[[ Given data, beginning ]]

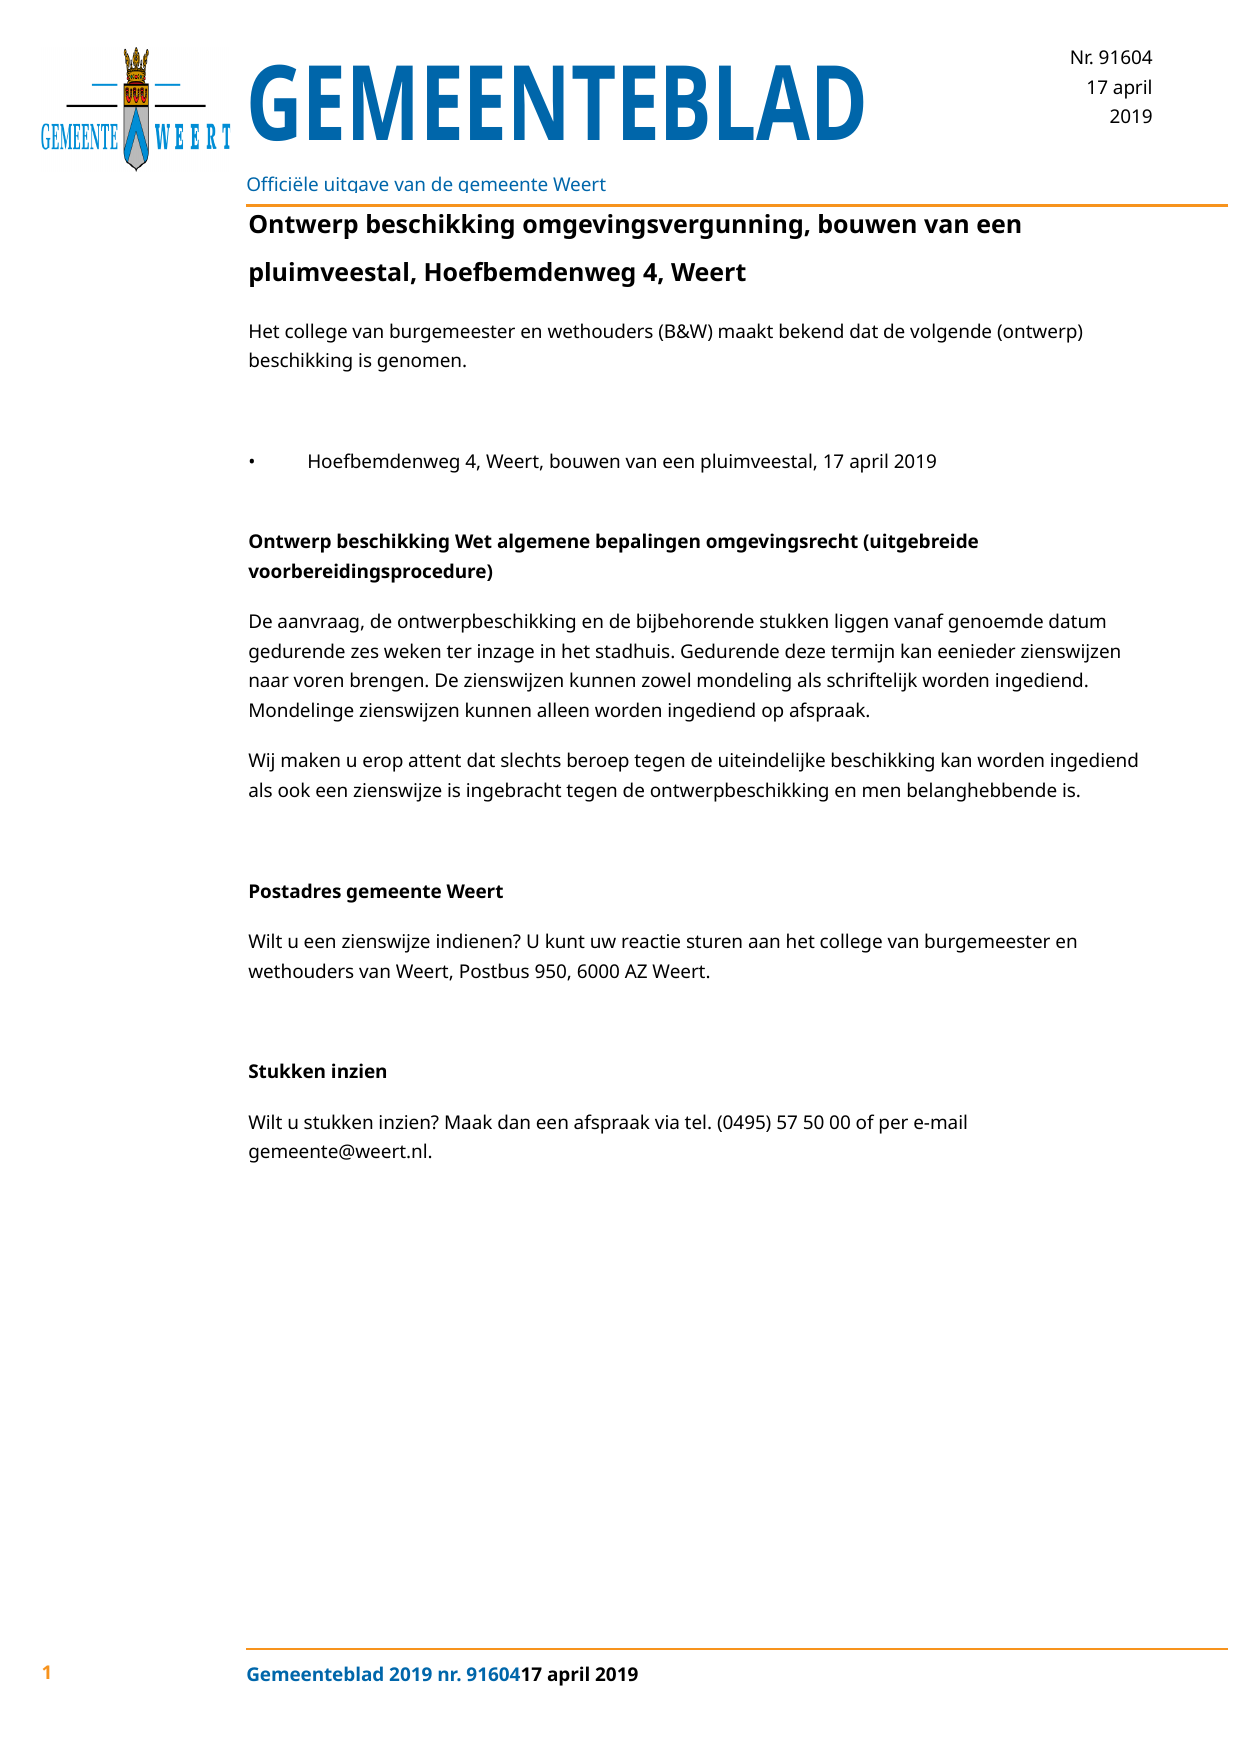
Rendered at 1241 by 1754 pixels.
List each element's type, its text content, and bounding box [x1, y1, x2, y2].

list Hoefbemdenweg 4, Weert, bouwen van een pluimveestal, 17 april 2019 [248, 448, 1152, 474]
text Ontwerp beschikking Wet algemene bepalingen omgevingsrecht (uitgebreide voorbereidingsprocedure) [248, 528, 1152, 584]
text Wilt u een zienswijze indienen? U kunt uw reactie sturen aan het college van burgemeester en wethouders van Weert, Postbus 950, 6000 AZ Weert. [248, 928, 1152, 984]
text Het college van burgemeester en wethouders (B&W) maakt bekend dat de volgende (ontwerp) beschikking is genomen. [248, 318, 1152, 373]
picture [41, 47, 231, 172]
text Ontwerp beschikking omgevingsvergunning, bouwen van een pluimveestal, Hoefbemdenweg 4, Weert [248, 207, 1152, 288]
text De aanvraag, de ontwerpbeschikking en de bijbehorende stukken liggen vanaf genoemde datum gedurende zes weken ter inzage in het stadhuis. Gedurende deze termijn kan eenieder zienswijzen naar voren brengen. De zienswijzen kunnen zowel mondeling als schriftelijk worden ingediend. Mondelinge zienswijzen kunnen alleen worden ingediend op afspraak. [248, 608, 1152, 723]
text Wilt u stukken inzien? Maak dan een afspraak via tel. (0495) 57 50 00 of per e-mail gemeente@weert.nl. [248, 1109, 1152, 1164]
text Wij maken u erop attent dat slechts beroep tegen de uiteindelijke beschikking kan worden ingediend als ook een zienswijze is ingebracht tegen de ontwerpbeschikking en men belanghebbende is. [248, 747, 1152, 803]
text Postadres gemeente Weert [248, 878, 1152, 904]
text Stukken inzien [248, 1059, 1152, 1084]
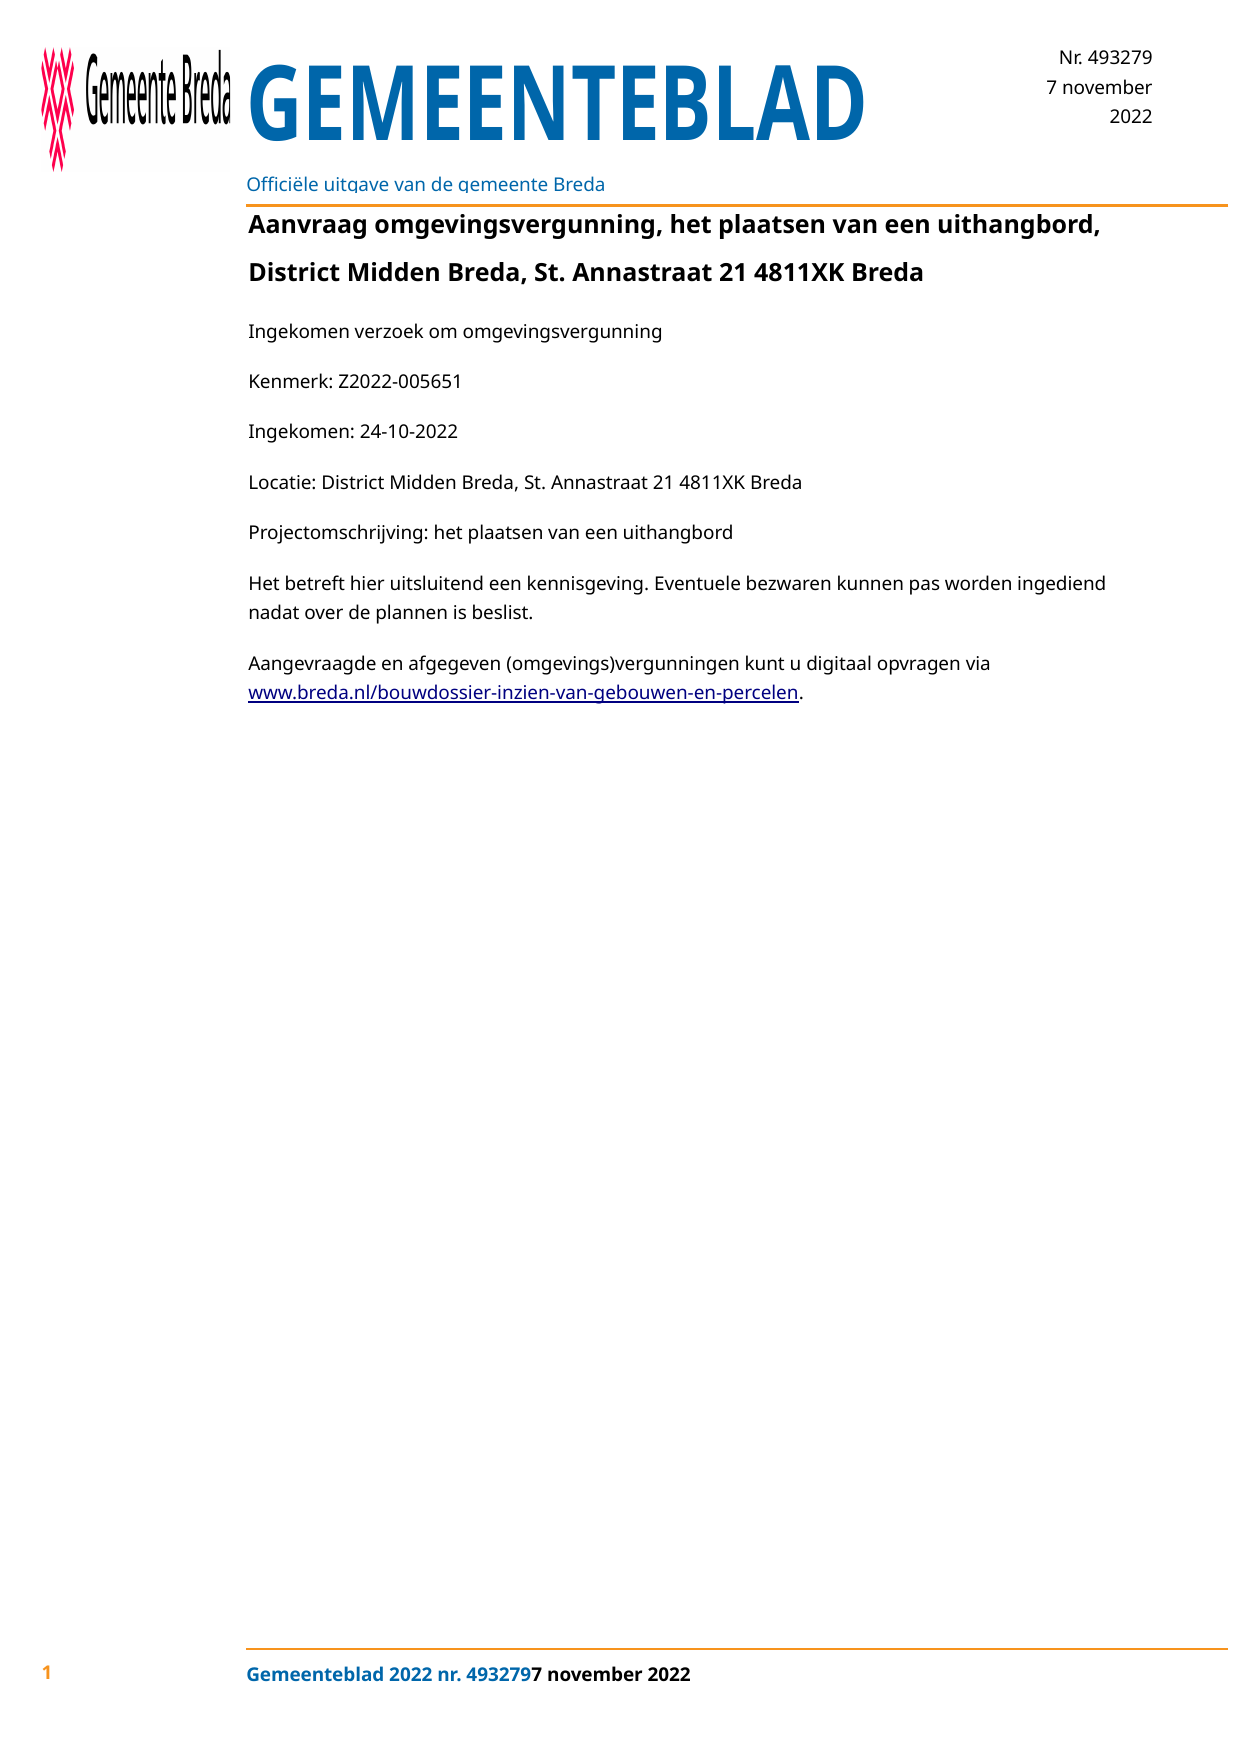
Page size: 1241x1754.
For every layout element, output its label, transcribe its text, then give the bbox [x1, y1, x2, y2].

text Ingekomen verzoek om omgevingsvergunning [248, 318, 1152, 344]
text Locatie: District Midden Breda, St. Annastraat 21 4811XK Breda [248, 469, 1152, 495]
text Aangevraagde en afgegeven (omgevings)vergunningen kunt u digitaal opvragen via www.breda.nl/bouwdossier-inzien-van-gebouwen-en-percelen. [248, 650, 1152, 705]
text Het betreft hier uitsluitend een kennisgeving. Eventuele bezwaren kunnen pas worden ingediend nadat over de plannen is beslist. [248, 570, 1152, 625]
text Kenmerk: Z2022-005651 [248, 368, 1152, 394]
text Ingekomen: 24-10-2022 [248, 419, 1152, 444]
text Aanvraag omgevingsvergunning, het plaatsen van een uithangbord, District Midden Breda, St. Annastraat 21 4811XK Breda [248, 207, 1152, 288]
text Projectomschrijving: het plaatsen van een uithangbord [248, 519, 1152, 545]
picture [41, 47, 231, 172]
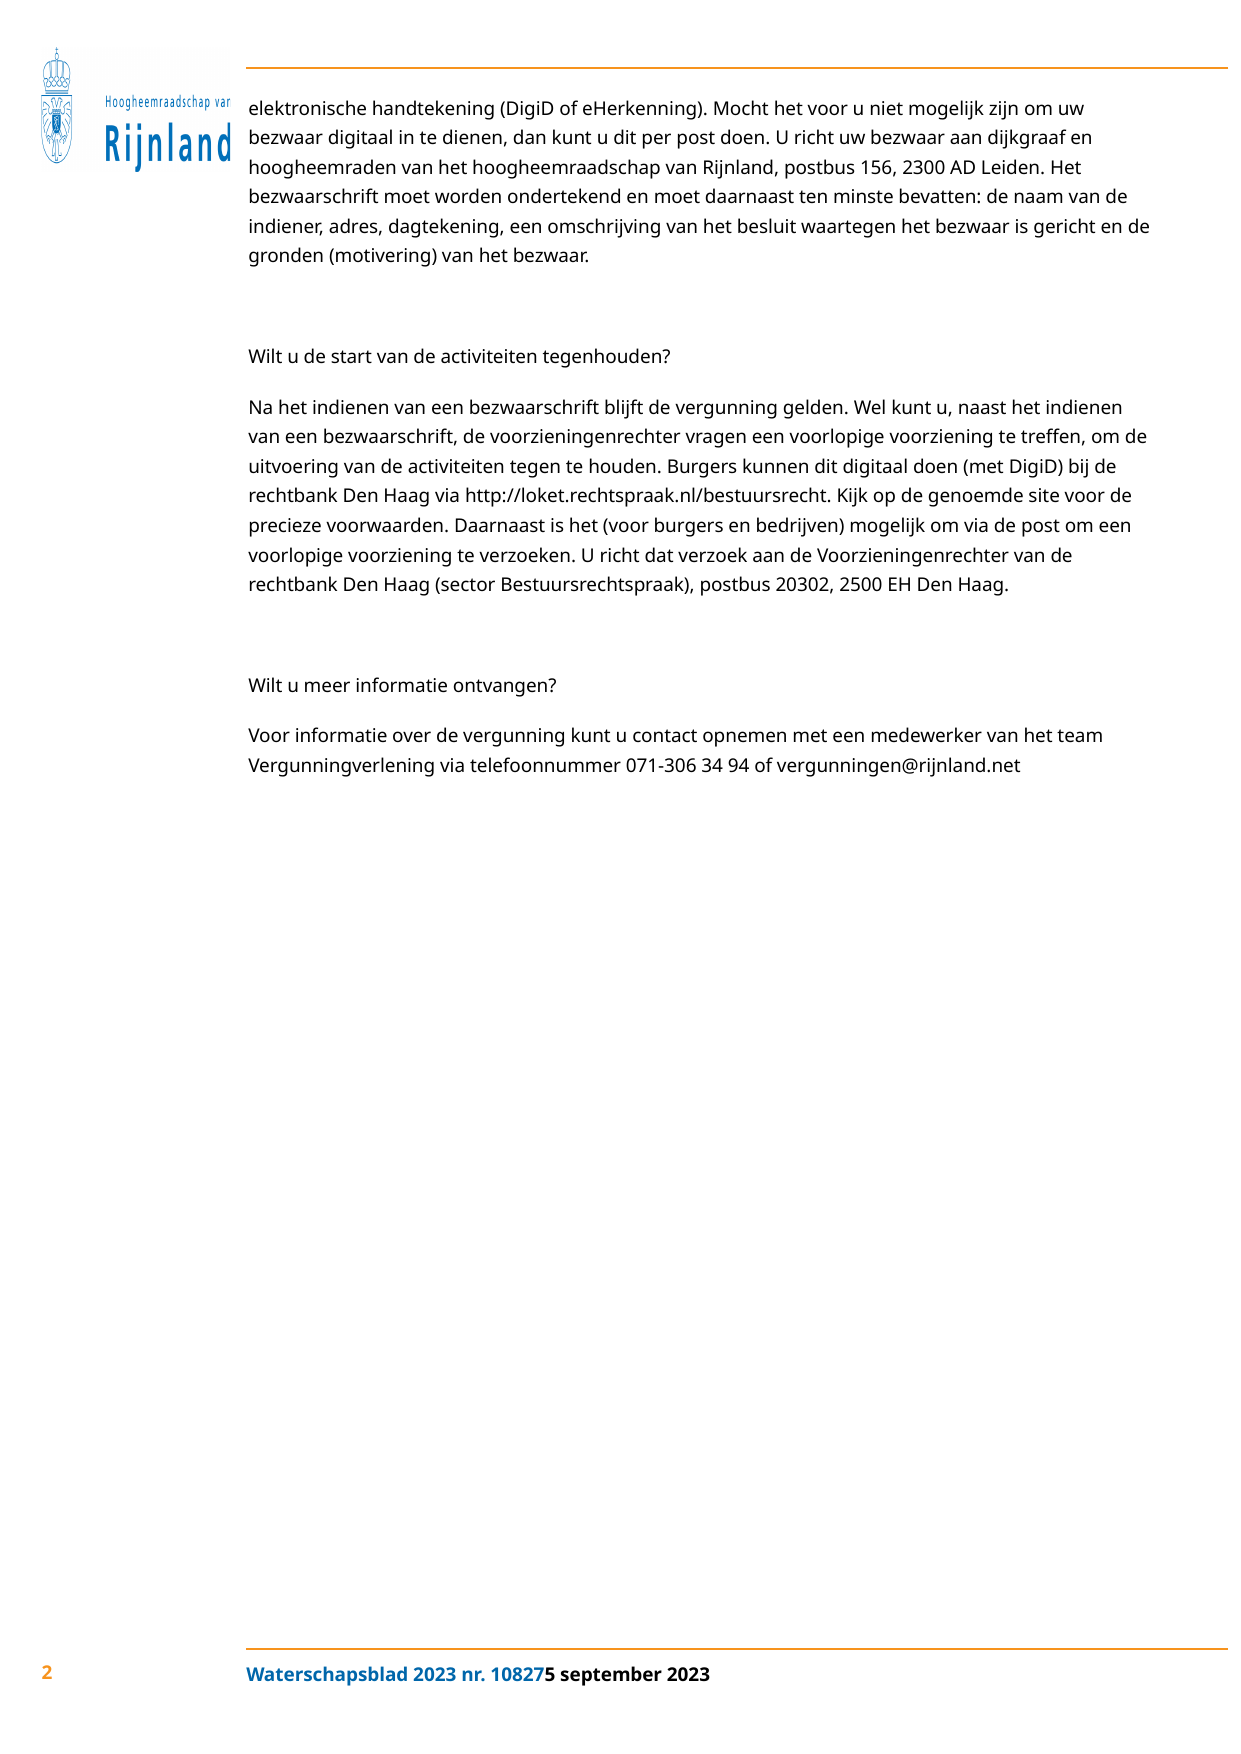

[[ Given data, end ]]

== What you need to do ==
Your reply is to repeat, unchanged, the lines above running from the one with "text Wij maken" up to and including the one with "text Postadres gemeente".

== Your solution ==
text Wij maken u erop attent dat slechts beroep tegen de uiteindelijke beschikking kan worden ingediend als ook een zienswijze is ingebracht tegen de ontwerpbeschikking en men belanghebbende is. [248, 747, 1152, 803]
text Postadres gemeente Weert [248, 878, 1152, 904]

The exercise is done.